SECTION 11. Adjustments for Stock Splits. The parties acknowledge and
agree that all share related numbers contained in this Agreement (including,
without limitation, the Maximum Amount) shall be adjusted to take into account
any stock split effected with respect to the Shares.
SECTION 12. Entire Agreement. This Agreement constitutes the entire
agreement and supersedes all other prior and contemporaneous agreements and
undertakings, both written and oral, among the parties hereto with regard to the
subject matter hereof.
SECTION 13. APPLICABLE LAW. THIS AGREEMENT SHALL BE GOVERNED BY, AND
CONSTRUED IN ACCORDANCE WITH, THE INTERNAL LAWS OF THE STATE OF NEW YORK WITHOUT
REGARD TO THE PRINCIPLES OF CONFLICTS OF LAWS.

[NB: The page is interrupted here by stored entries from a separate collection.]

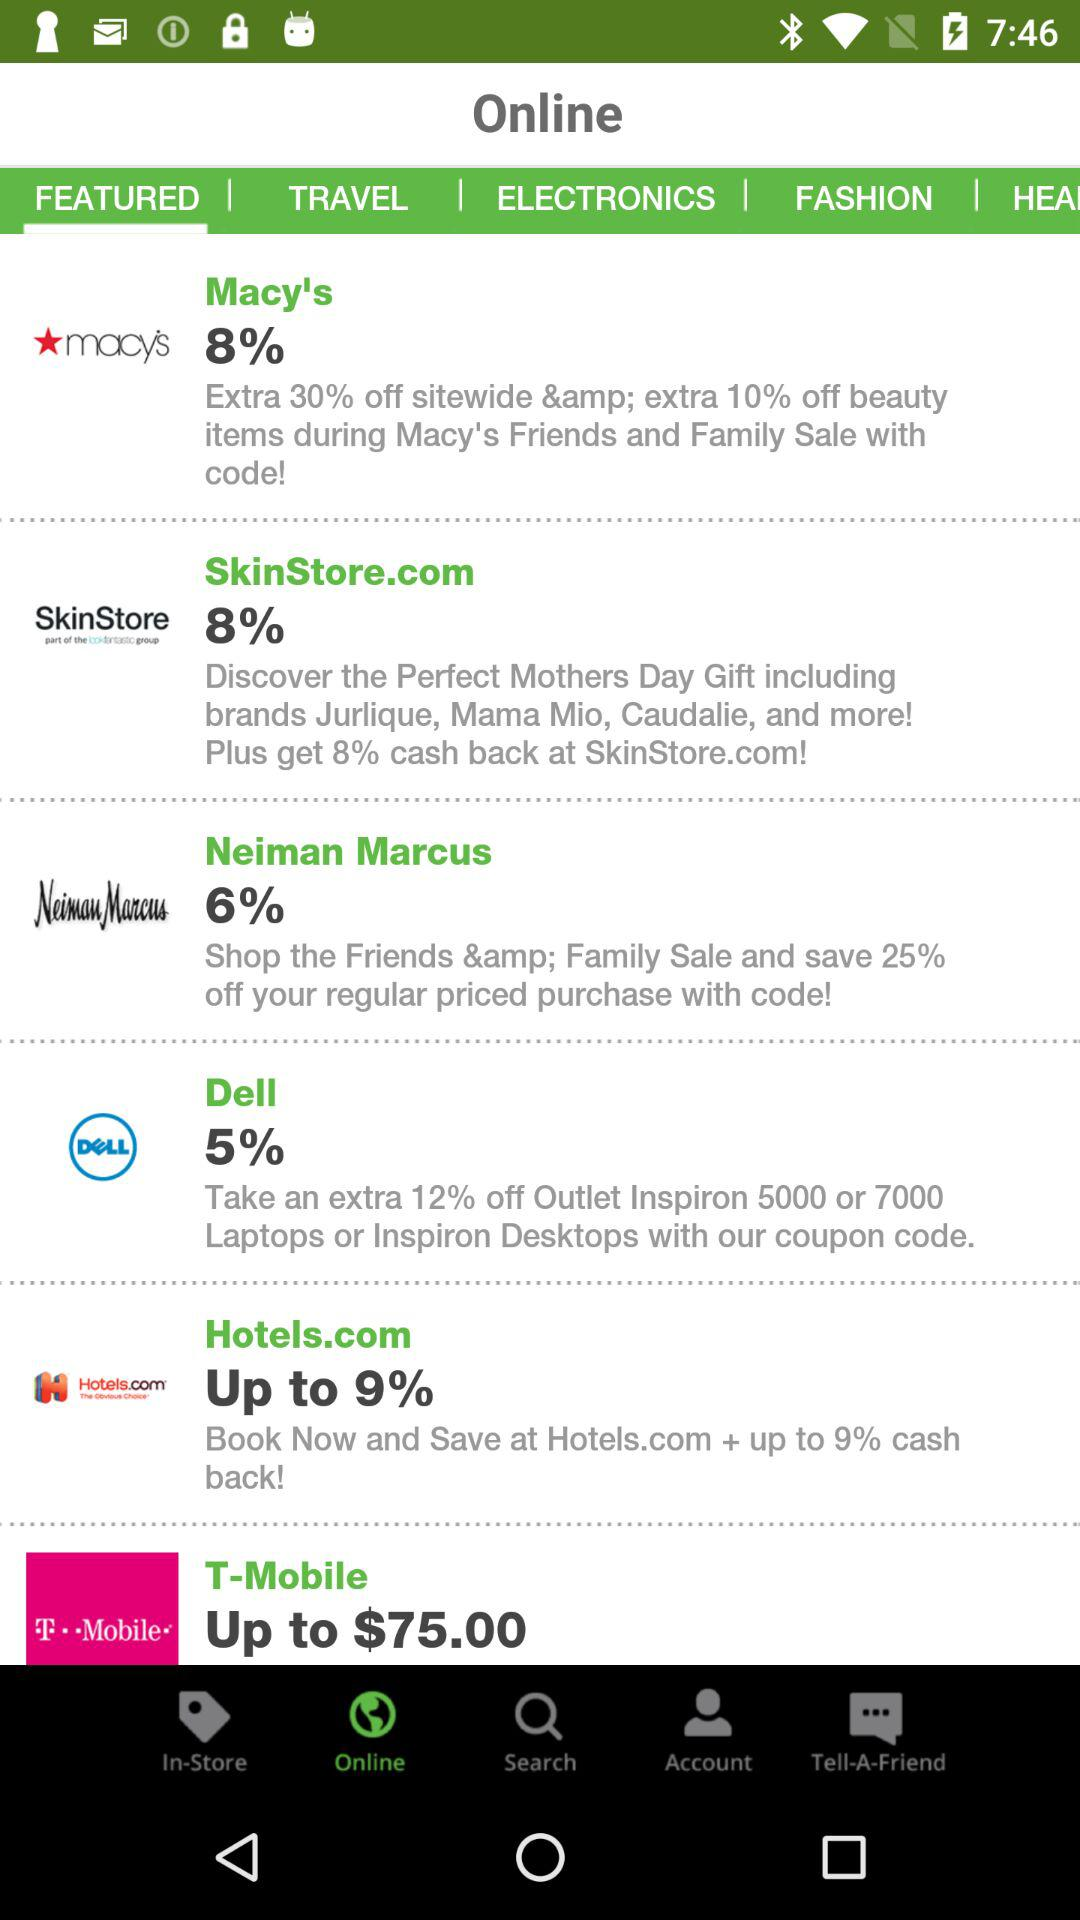How much cashback does "Hotels.com" offer? "Hotels.com" offers a cashback of up to 9%. 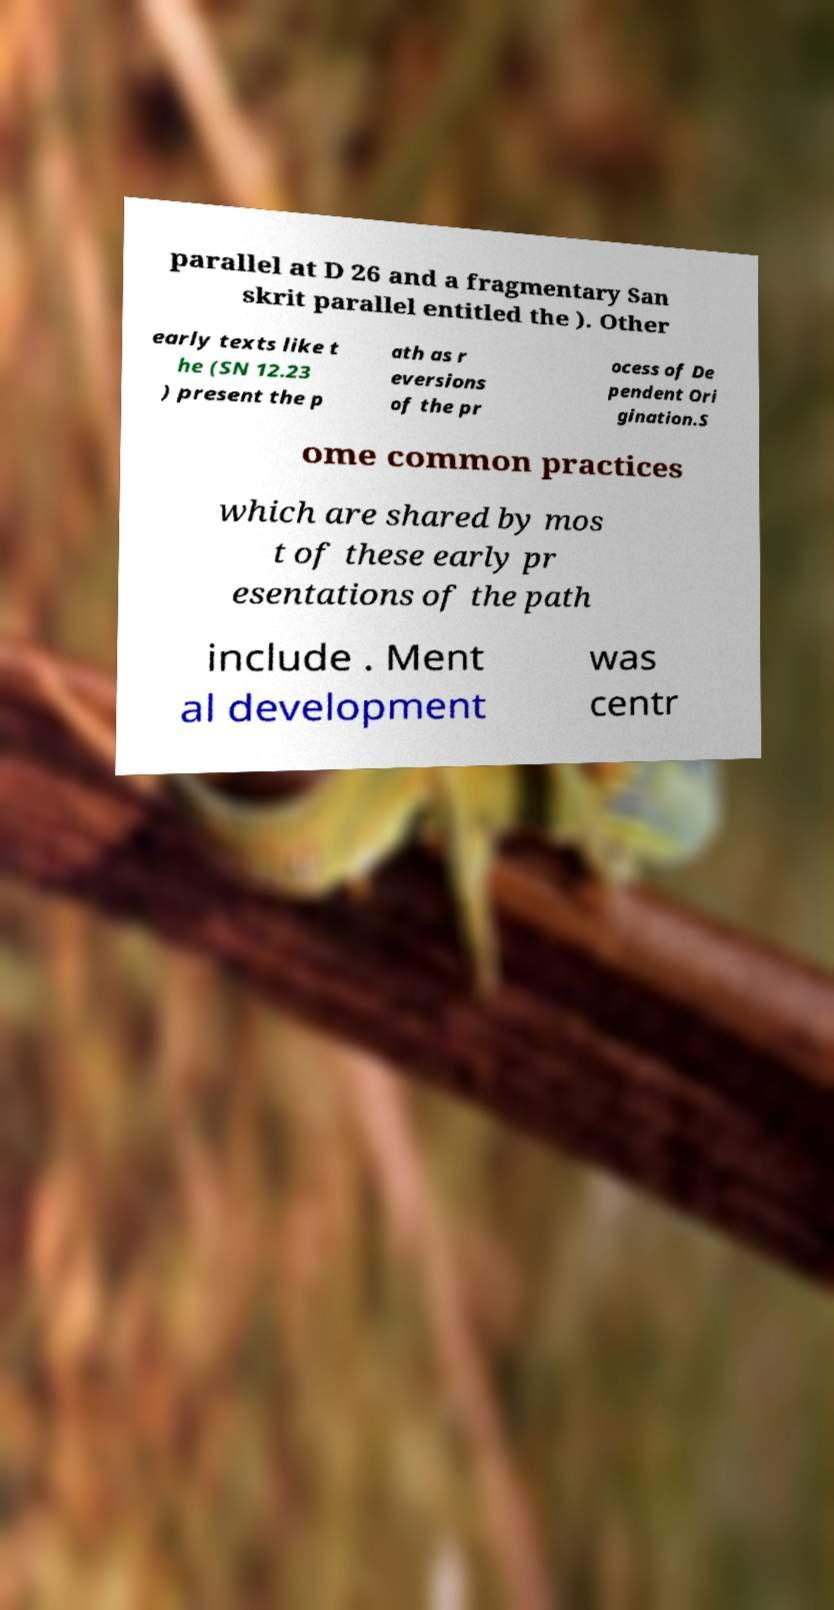For documentation purposes, I need the text within this image transcribed. Could you provide that? parallel at D 26 and a fragmentary San skrit parallel entitled the ). Other early texts like t he (SN 12.23 ) present the p ath as r eversions of the pr ocess of De pendent Ori gination.S ome common practices which are shared by mos t of these early pr esentations of the path include . Ment al development was centr 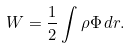Convert formula to latex. <formula><loc_0><loc_0><loc_500><loc_500>W = \frac { 1 } { 2 } \int \rho \Phi \, d { r } .</formula>

SECTION 14. Waiver of Jury Trial. The Company and the Agent each hereby
irrevocably waive any right they may have to a trial by jury in respect of any
claim based upon or arising out of this agreement or any transaction
contemplated hereby.
SECTION 15. Counterparts. This Agreement may be executed in two or more
counterparts, each of which shall be deemed an original, but all of which
together shall constitute one and the same instrument.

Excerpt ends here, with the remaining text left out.